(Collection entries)
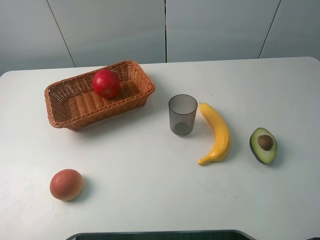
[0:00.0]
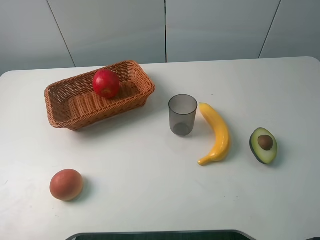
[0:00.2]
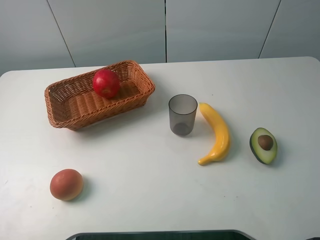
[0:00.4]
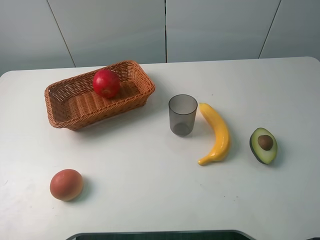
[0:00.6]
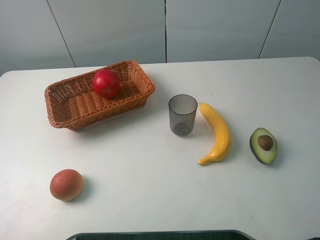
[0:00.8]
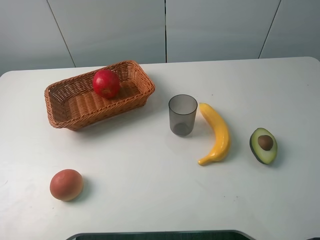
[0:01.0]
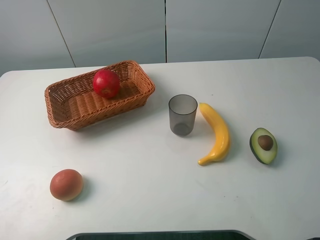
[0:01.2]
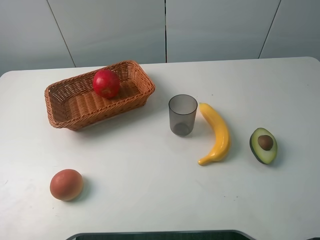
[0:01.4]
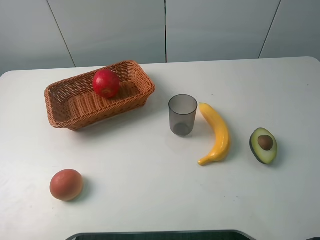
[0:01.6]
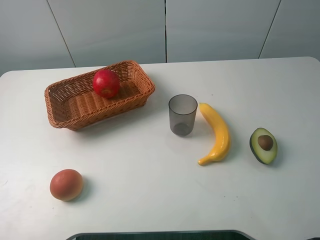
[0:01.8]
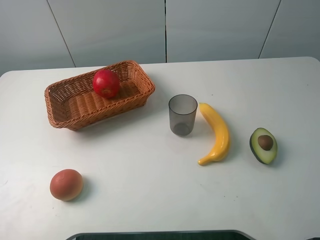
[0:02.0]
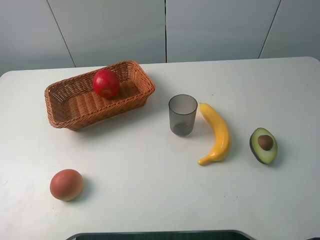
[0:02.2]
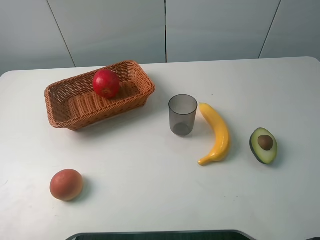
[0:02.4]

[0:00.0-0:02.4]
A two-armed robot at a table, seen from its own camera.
Task of the whole recording: randomly pick up an item from the table and put it in the basket.
0:01.2 to 0:02.4: Neither gripper changes place.

## The problem:
The records above should be returned word for word, with every picture left out.

## Response box:
[0:00.0]
[0:00.2]
[0:00.4]
[0:00.6]
[0:00.8]
[0:01.0]
[0:01.2]
[0:01.4]
[0:01.6]
[0:01.8]
[0:02.0]
[0:02.2]
[0:02.4]

[0:00.0-0:02.4]
A two-armed robot at a table, seen from its own camera.
Task of the whole recording: randomly pick up an item from the table and put it in the basket.
0:01.2 to 0:02.4: Neither gripper changes place.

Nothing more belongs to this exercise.